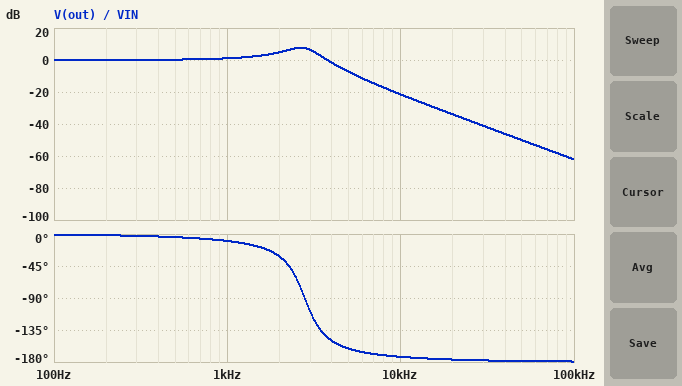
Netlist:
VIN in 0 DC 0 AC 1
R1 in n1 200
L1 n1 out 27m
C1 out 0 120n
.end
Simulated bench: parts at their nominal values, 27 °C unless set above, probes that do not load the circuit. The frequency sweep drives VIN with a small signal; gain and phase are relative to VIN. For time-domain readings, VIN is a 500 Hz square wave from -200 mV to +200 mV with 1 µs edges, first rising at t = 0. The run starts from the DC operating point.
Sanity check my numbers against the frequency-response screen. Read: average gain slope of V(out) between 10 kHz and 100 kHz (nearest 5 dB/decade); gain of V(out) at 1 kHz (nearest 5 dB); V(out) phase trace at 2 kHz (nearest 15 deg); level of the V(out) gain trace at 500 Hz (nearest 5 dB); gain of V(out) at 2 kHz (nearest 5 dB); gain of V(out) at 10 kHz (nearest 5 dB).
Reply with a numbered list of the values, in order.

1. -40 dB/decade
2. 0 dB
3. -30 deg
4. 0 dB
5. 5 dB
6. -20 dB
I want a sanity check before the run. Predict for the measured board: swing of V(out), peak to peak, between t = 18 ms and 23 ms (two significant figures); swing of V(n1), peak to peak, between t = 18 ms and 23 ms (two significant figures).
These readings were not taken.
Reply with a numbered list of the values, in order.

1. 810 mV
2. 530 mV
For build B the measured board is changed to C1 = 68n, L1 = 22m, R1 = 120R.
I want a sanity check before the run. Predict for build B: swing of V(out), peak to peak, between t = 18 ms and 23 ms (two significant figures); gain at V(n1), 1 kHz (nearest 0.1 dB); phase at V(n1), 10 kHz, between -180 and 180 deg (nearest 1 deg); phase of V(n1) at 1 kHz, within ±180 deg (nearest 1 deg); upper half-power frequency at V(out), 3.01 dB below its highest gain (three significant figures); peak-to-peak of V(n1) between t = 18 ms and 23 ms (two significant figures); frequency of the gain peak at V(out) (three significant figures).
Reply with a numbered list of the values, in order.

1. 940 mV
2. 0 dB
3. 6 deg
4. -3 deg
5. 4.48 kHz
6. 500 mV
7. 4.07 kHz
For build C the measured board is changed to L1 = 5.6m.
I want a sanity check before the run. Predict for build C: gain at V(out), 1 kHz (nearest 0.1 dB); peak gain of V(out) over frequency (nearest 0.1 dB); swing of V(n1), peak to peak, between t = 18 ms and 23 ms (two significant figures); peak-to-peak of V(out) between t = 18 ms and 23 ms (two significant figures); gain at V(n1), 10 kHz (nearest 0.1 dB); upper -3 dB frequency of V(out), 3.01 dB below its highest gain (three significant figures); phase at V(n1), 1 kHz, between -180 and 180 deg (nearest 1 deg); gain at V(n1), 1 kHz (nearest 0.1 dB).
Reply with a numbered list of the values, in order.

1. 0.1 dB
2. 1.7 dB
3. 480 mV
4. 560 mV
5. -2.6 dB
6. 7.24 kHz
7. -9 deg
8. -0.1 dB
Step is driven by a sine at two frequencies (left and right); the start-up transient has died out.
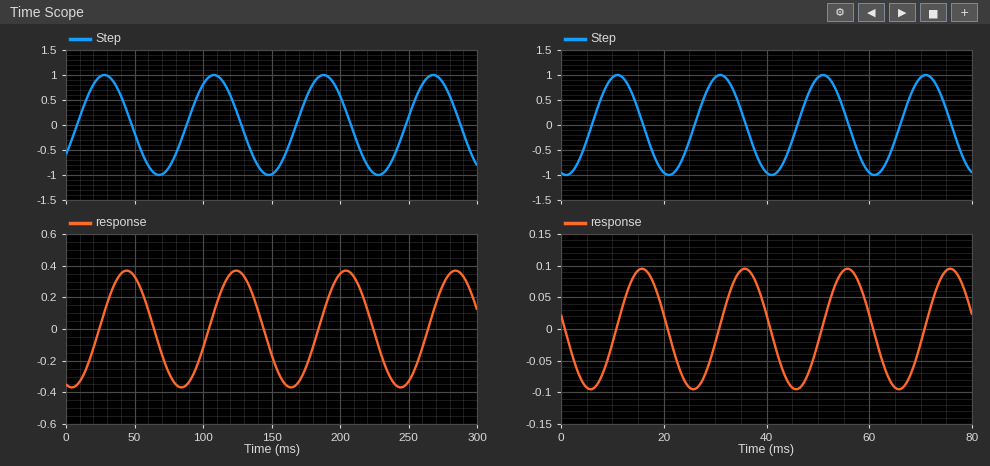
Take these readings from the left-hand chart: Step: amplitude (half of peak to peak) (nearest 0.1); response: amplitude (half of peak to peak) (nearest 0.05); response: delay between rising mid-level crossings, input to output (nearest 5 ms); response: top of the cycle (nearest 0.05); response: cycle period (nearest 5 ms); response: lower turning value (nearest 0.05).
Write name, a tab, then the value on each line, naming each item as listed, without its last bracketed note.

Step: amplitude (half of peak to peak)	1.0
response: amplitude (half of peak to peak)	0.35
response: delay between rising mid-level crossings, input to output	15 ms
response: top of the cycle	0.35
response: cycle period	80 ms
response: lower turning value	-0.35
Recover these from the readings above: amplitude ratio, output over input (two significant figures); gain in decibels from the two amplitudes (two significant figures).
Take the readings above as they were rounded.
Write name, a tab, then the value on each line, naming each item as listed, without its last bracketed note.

## Your task
With the pictures excluded, the records are to be reproduced exactly.

## Your response
Netlist:
VIN in 0 DC 0 AC 1
R1 in n1 200
L1 n1 out 27m
C1 out 0 120n
.end
Simulated bench: parts at their nominal values, 27 °C unless set above, probes that do not load the circuit. The frequency sweep drives VIN with a small signal; gain and phase are relative to VIN. For time-domain readings, VIN is a 500 Hz square wave from -200 mV to +200 mV with 1 µs edges, first rising at t = 0. The run starts from the DC operating point.
Sanity check my numbers against the frequency-response screen. Read: average gain slope of V(out) between 10 kHz and 100 kHz (nearest 5 dB/decade); gain of V(out) at 1 kHz (nearest 5 dB); V(out) phase trace at 2 kHz (nearest 15 deg); level of the V(out) gain trace at 500 Hz (nearest 5 dB); gain of V(out) at 2 kHz (nearest 5 dB); gain of V(out) at 10 kHz (nearest 5 dB).
Reply with a numbered list of the values, in order.

1. -40 dB/decade
2. 0 dB
3. -30 deg
4. 0 dB
5. 5 dB
6. -20 dB
I want a sanity check before the run. Predict for the measured board: swing of V(out), peak to peak, between t = 18 ms and 23 ms (two significant figures); swing of V(n1), peak to peak, between t = 18 ms and 23 ms (two significant figures).
These readings were not taken.
Reply with a numbered list of the values, in order.

1. 810 mV
2. 530 mV
For build B the measured board is changed to C1 = 68n, L1 = 22m, R1 = 120R.
I want a sanity check before the run. Predict for build B: swing of V(out), peak to peak, between t = 18 ms and 23 ms (two significant figures); gain at V(n1), 1 kHz (nearest 0.1 dB); phase at V(n1), 10 kHz, between -180 and 180 deg (nearest 1 deg); phase of V(n1) at 1 kHz, within ±180 deg (nearest 1 deg); upper half-power frequency at V(out), 3.01 dB below its highest gain (three significant figures); peak-to-peak of V(n1) between t = 18 ms and 23 ms (two significant figures); frequency of the gain peak at V(out) (three significant figures).
Reply with a numbered list of the values, in order.

1. 940 mV
2. 0 dB
3. 6 deg
4. -3 deg
5. 4.48 kHz
6. 500 mV
7. 4.07 kHz
For build C the measured board is changed to L1 = 5.6m.
I want a sanity check before the run. Predict for build C: gain at V(out), 1 kHz (nearest 0.1 dB); peak gain of V(out) over frequency (nearest 0.1 dB); swing of V(n1), peak to peak, between t = 18 ms and 23 ms (two significant figures); peak-to-peak of V(out) between t = 18 ms and 23 ms (two significant figures); gain at V(n1), 10 kHz (nearest 0.1 dB); upper -3 dB frequency of V(out), 3.01 dB below its highest gain (three significant figures); phase at V(n1), 1 kHz, between -180 and 180 deg (nearest 1 deg); gain at V(n1), 1 kHz (nearest 0.1 dB).
Reply with a numbered list of the values, in order.

1. 0.1 dB
2. 1.7 dB
3. 480 mV
4. 560 mV
5. -2.6 dB
6. 7.24 kHz
7. -9 deg
8. -0.1 dB
Step is driven by a sine at two frequencies (left and right); the start-up transient has died out.
Take these readings from the left-hand chart: Step: amplitude (half of peak to peak) (nearest 0.1); response: amplitude (half of peak to peak) (nearest 0.05); response: delay between rising mid-level crossings, input to output (nearest 5 ms); response: top of the cycle (nearest 0.05); response: cycle period (nearest 5 ms); response: lower turning value (nearest 0.05).
Write name, a tab, then the value on each line, naming each item as listed, without its last bracketed note.

Step: amplitude (half of peak to peak)	1.0
response: amplitude (half of peak to peak)	0.35
response: delay between rising mid-level crossings, input to output	15 ms
response: top of the cycle	0.35
response: cycle period	80 ms
response: lower turning value	-0.35
Recover these from the readings above: amplitude ratio, output over input (two significant figures); gain in decibels from the two amplitudes (two significant figures).
Take the readings above as they were rounded.
Write name, a tab, then the value on each line, naming each item as listed, without its last bracketed note.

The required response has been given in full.